→ WHAT THE TASK REQUIRES:
Scan the material below for lines with the word "Figure" and reply with how many there are, nothing else.
DATA SHOWN below:
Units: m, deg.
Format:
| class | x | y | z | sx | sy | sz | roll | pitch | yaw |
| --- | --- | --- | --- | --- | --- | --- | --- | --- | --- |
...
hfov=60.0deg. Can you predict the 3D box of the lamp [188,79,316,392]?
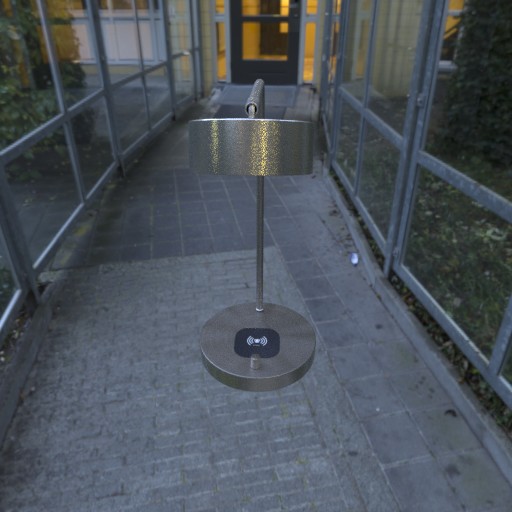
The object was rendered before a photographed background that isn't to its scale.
| class | x | y | z | sx | sy | sz | roll | pitch | yaw |
| --- | --- | --- | --- | --- | --- | --- | --- | --- | --- |
| lamp | 0.000 | 0.000 | 0.654 | 0.211 | 0.469 | 0.334 | 1 | 30 | 3 |
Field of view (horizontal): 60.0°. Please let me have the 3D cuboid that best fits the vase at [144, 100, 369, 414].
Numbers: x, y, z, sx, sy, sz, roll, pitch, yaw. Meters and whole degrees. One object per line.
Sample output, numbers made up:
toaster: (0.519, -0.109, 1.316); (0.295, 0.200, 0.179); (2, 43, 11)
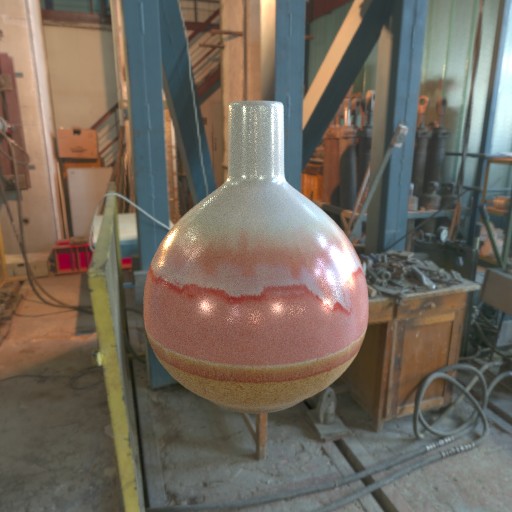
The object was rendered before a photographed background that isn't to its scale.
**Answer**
vase: (0.000, 0.000, 0.269); (0.137, 0.176, 0.137); (0, 16, 0)
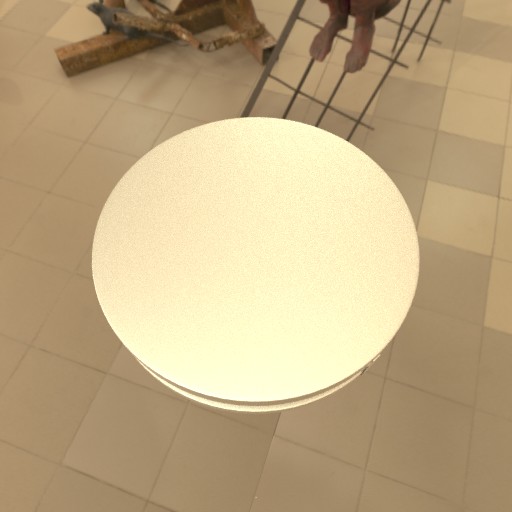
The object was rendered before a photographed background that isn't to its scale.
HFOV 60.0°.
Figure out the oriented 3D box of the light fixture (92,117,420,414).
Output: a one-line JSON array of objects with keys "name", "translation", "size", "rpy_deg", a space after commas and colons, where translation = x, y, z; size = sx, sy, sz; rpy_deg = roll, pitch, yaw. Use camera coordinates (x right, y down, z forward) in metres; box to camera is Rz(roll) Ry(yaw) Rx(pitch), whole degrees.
[{"name": "light fixture", "translation": [0.000, 0.000, 0.530], "size": [0.356, 0.102, 0.356], "rpy_deg": [0, 61, 0]}]
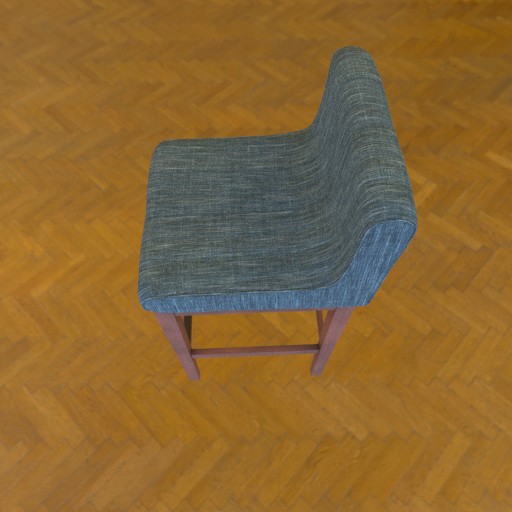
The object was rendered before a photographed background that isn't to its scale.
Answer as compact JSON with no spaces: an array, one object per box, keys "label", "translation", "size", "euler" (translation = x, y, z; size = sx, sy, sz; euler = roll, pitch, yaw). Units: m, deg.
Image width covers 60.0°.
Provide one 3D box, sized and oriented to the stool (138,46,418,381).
[{"label":"stool","translation":[0.000,0.000,1.056],"size":[0.459,0.835,0.395],"euler":[-2,59,-1]}]
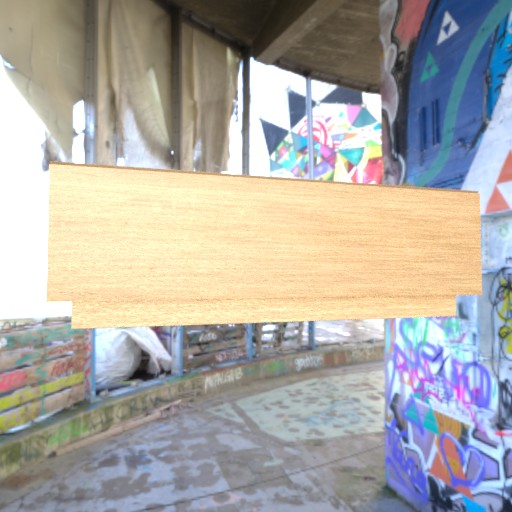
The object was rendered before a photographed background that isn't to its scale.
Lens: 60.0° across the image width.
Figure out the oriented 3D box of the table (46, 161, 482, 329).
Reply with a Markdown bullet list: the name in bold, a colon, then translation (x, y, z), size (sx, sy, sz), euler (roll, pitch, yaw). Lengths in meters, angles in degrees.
- **table**: translation (0.000, 0.000, 1.400), size (1.110, 0.353, 0.678), euler (1, -3, -17)
End of DATA SHOWN.
→ WRITTEN SOLUTION:
2